Copy the listing exactly as given. Omit every picture.

# Data provided:
....................

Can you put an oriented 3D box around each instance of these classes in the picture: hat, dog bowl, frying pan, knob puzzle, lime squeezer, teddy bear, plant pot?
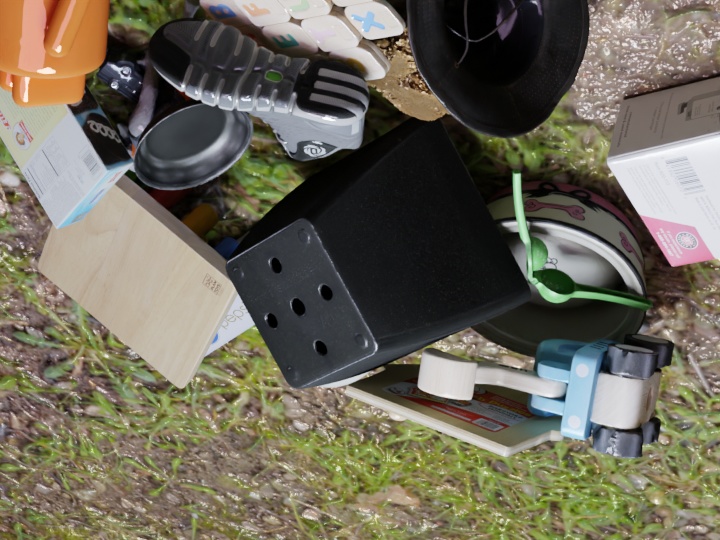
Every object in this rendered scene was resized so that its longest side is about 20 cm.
[{"bbox_3d":[0.092,-0.206,1.518,0.081,0.201,0.201,6,145,51],"label":"hat"},{"bbox_3d":[0.182,-0.004,1.776,0.199,0.074,0.201,12,141,10],"label":"dog bowl"},{"bbox_3d":[-0.127,-0.139,1.649,0.190,0.031,0.115,-44,146,24],"label":"frying pan"},{"bbox_3d":[0.105,0.134,1.775,0.218,0.220,0.031,13,104,7],"label":"knob puzzle"},{"bbox_3d":[0.178,-0.009,1.684,0.070,0.038,0.200,-23,124,40],"label":"lime squeezer"},{"bbox_3d":[0.005,-0.204,1.603,0.199,0.067,0.145,23,161,-11],"label":"teddy bear"},{"bbox_3d":[0.000,0.000,1.700,0.200,0.177,0.200,-27,93,46],"label":"plant pot"}]

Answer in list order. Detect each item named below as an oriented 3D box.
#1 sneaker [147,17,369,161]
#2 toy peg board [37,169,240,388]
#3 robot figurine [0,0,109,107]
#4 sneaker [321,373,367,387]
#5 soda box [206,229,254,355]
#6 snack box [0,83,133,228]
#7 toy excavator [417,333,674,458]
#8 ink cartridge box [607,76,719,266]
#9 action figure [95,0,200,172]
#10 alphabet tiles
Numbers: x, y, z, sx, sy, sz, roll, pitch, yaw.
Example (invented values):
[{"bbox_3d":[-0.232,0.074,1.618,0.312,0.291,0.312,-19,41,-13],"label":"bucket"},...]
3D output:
[{"bbox_3d":[-0.087,-0.143,1.593,0.199,0.075,0.116,20,156,13],"label":"sneaker"},{"bbox_3d":[-0.200,-0.020,1.854,0.199,0.098,0.200,39,141,6],"label":"toy peg board"},{"bbox_3d":[-0.274,-0.245,1.615,0.116,0.144,0.201,10,115,6],"label":"robot figurine"},{"bbox_3d":[0.003,0.052,1.918,0.200,0.075,0.084,-29,124,31],"label":"sneaker"},{"bbox_3d":[-0.144,0.028,1.947,0.064,0.068,0.200,35,138,-21],"label":"soda box"},{"bbox_3d":[-0.301,-0.153,1.742,0.116,0.037,0.201,-39,80,46],"label":"snack box"},{"bbox_3d":[0.171,0.105,1.711,0.199,0.194,0.100,10,98,21],"label":"toy excavator"},{"bbox_3d":[0.337,-0.092,1.601,0.199,0.083,0.147,-11,132,33],"label":"ink cartridge box"},{"bbox_3d":[-0.182,-0.163,1.715,0.199,0.105,0.194,28,130,-16],"label":"action figure"},{"bbox_3d":[-0.063,-0.222,1.522,0.195,0.015,0.200,-1,143,45],"label":"alphabet tiles"}]

....................

# Solution:
Can you put an oriented 3D box around each instance of these classes in the picture: hat, dog bowl, frying pan, knob puzzle, lime squeezer, teddy bear, plant pot?
Every object in this rendered scene was resized so that its longest side is about 20 cm.
[{"bbox_3d":[0.092,-0.206,1.518,0.081,0.201,0.201,6,145,51],"label":"hat"},{"bbox_3d":[0.182,-0.004,1.776,0.199,0.074,0.201,12,141,10],"label":"dog bowl"},{"bbox_3d":[-0.127,-0.139,1.649,0.190,0.031,0.115,-44,146,24],"label":"frying pan"},{"bbox_3d":[0.105,0.134,1.775,0.218,0.220,0.031,13,104,7],"label":"knob puzzle"},{"bbox_3d":[0.178,-0.009,1.684,0.070,0.038,0.200,-23,124,40],"label":"lime squeezer"},{"bbox_3d":[0.005,-0.204,1.603,0.199,0.067,0.145,23,161,-11],"label":"teddy bear"},{"bbox_3d":[0.000,0.000,1.700,0.200,0.177,0.200,-27,93,46],"label":"plant pot"}]

Answer in list order. Detect each item named below as an oriented 3D box.
#1 sneaker [147,17,369,161]
#2 toy peg board [37,169,240,388]
#3 robot figurine [0,0,109,107]
#4 sneaker [321,373,367,387]
#5 soda box [206,229,254,355]
#6 snack box [0,83,133,228]
#7 toy excavator [417,333,674,458]
#8 ink cartridge box [607,76,719,266]
#9 action figure [95,0,200,172]
#10 alphabet tiles
Numbers: x, y, z, sx, sy, sz, roll, pitch, yaw.
Example (invented values):
[{"bbox_3d":[-0.232,0.074,1.618,0.312,0.291,0.312,-19,41,-13],"label":"bucket"},...]
3D output:
[{"bbox_3d":[-0.087,-0.143,1.593,0.199,0.075,0.116,20,156,13],"label":"sneaker"},{"bbox_3d":[-0.200,-0.020,1.854,0.199,0.098,0.200,39,141,6],"label":"toy peg board"},{"bbox_3d":[-0.274,-0.245,1.615,0.116,0.144,0.201,10,115,6],"label":"robot figurine"},{"bbox_3d":[0.003,0.052,1.918,0.200,0.075,0.084,-29,124,31],"label":"sneaker"},{"bbox_3d":[-0.144,0.028,1.947,0.064,0.068,0.200,35,138,-21],"label":"soda box"},{"bbox_3d":[-0.301,-0.153,1.742,0.116,0.037,0.201,-39,80,46],"label":"snack box"},{"bbox_3d":[0.171,0.105,1.711,0.199,0.194,0.100,10,98,21],"label":"toy excavator"},{"bbox_3d":[0.337,-0.092,1.601,0.199,0.083,0.147,-11,132,33],"label":"ink cartridge box"},{"bbox_3d":[-0.182,-0.163,1.715,0.199,0.105,0.194,28,130,-16],"label":"action figure"},{"bbox_3d":[-0.063,-0.222,1.522,0.195,0.015,0.200,-1,143,45],"label":"alphabet tiles"}]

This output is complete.